What you have to do
Below are some records. Write out the lines from the one containing "Example of the" to the last line, word for word, leaving out pictures.

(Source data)
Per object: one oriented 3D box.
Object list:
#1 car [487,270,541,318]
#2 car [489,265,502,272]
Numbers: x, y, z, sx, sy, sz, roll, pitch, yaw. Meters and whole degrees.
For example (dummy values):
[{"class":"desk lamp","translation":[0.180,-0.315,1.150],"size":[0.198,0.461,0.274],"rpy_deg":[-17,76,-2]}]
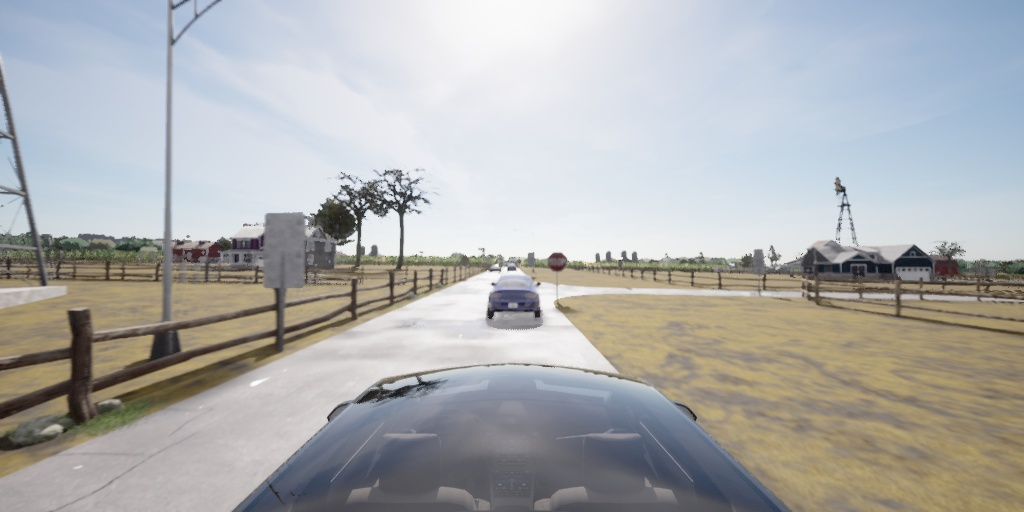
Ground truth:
[{"class":"car","translation":[0.135,1.421,13.591],"size":[1.812,1.442,4.674],"rpy_deg":[0,-1,3]},{"class":"car","translation":[-2.822,2.162,61.464],"size":[1.994,1.385,4.181],"rpy_deg":[0,-1,0]}]
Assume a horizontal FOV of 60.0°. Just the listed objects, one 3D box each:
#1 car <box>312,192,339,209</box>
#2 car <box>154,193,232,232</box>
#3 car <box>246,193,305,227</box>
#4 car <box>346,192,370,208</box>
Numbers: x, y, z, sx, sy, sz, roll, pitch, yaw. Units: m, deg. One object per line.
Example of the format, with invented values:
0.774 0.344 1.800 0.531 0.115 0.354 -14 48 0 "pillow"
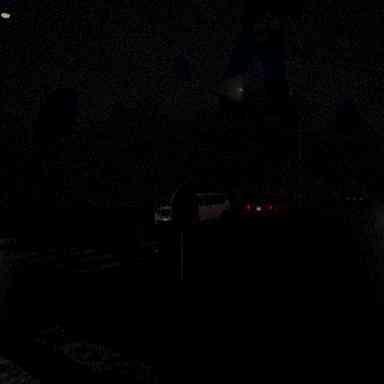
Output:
16.972 1.030 42.126 2.150 2.045 5.566 0 0 37 "car"
0.247 1.073 19.303 2.150 2.045 5.566 0 0 36 "car"
5.455 1.061 21.438 2.150 2.045 5.566 0 0 36 "car"
22.112 1.048 44.265 2.150 2.045 5.566 0 0 36 "car"
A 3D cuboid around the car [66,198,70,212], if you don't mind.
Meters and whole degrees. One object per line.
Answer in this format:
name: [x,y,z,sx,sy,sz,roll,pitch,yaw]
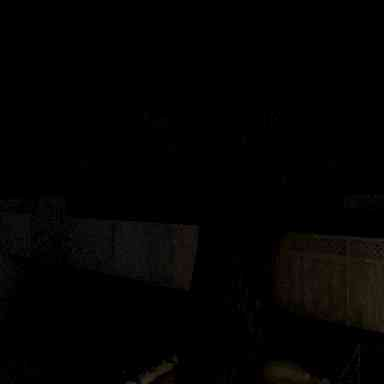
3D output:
car: [-13.555,1.364,34.330,2.128,1.511,4.902,-3,-1,36]
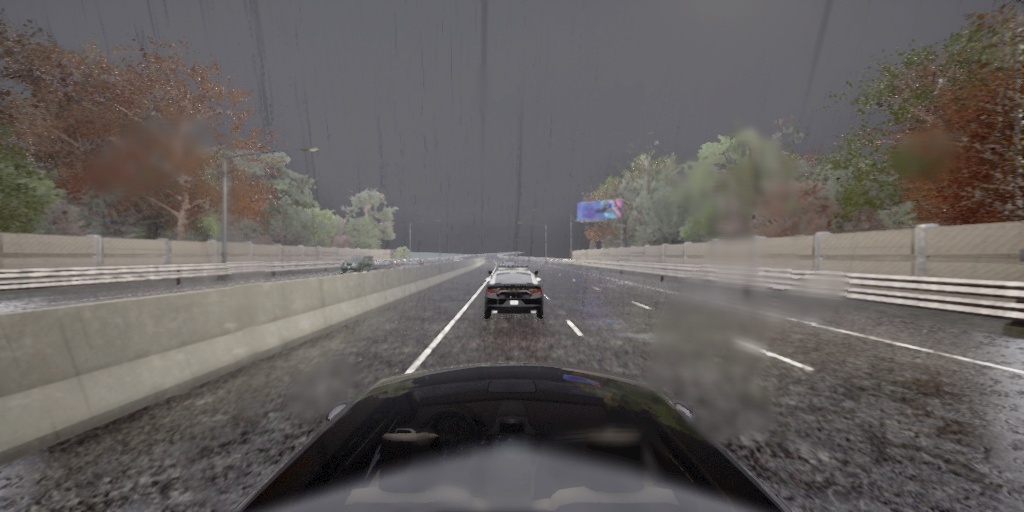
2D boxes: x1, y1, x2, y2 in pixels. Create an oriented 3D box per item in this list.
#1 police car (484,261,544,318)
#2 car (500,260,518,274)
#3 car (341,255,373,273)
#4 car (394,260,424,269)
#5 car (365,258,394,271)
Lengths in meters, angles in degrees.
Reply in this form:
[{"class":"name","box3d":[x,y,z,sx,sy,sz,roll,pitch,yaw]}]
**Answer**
[{"class":"police car","box3d":[0.048,1.164,13.131,1.930,1.638,5.238,0,0,0]},{"class":"car","box3d":[-0.379,1.255,41.894,2.033,1.411,5.357,0,0,-2]},{"class":"car","box3d":[-18.077,0.937,42.374,2.150,2.045,5.566,0,0,-1]},{"class":"car","box3d":[-11.024,1.205,39.777,2.128,1.511,4.902,0,0,-1]},{"class":"car","box3d":[-14.561,1.260,41.285,2.033,1.411,5.357,0,0,-1]}]

Output of the task
Example of the format, with invented values:
0.774 0.344 1.800 0.531 0.115 0.354 -14 48 0 "pillow"
Output:
16.972 1.030 42.126 2.150 2.045 5.566 0 0 37 "car"
0.247 1.073 19.303 2.150 2.045 5.566 0 0 36 "car"
5.455 1.061 21.438 2.150 2.045 5.566 0 0 36 "car"
22.112 1.048 44.265 2.150 2.045 5.566 0 0 36 "car"
A 3D cuboid around the car [66,198,70,212], if you don't mind.
Meters and whole degrees. One object per line.
Answer in this format:
name: [x,y,z,sx,sy,sz,roll,pitch,yaw]
3D output:
car: [-13.555,1.364,34.330,2.128,1.511,4.902,-3,-1,36]
2D boxes: x1, y1, x2, y2 in pixels. Create an oriented 3D box per item in this list.
#1 police car (484,261,544,318)
#2 car (500,260,518,274)
#3 car (341,255,373,273)
#4 car (394,260,424,269)
#5 car (365,258,394,271)
Lengths in meters, angles in degrees.
Reply in this form:
[{"class":"name","box3d":[x,y,z,sx,sy,sz,roll,pitch,yaw]}]
**Answer**
[{"class":"police car","box3d":[0.048,1.164,13.131,1.930,1.638,5.238,0,0,0]},{"class":"car","box3d":[-0.379,1.255,41.894,2.033,1.411,5.357,0,0,-2]},{"class":"car","box3d":[-18.077,0.937,42.374,2.150,2.045,5.566,0,0,-1]},{"class":"car","box3d":[-11.024,1.205,39.777,2.128,1.511,4.902,0,0,-1]},{"class":"car","box3d":[-14.561,1.260,41.285,2.033,1.411,5.357,0,0,-1]}]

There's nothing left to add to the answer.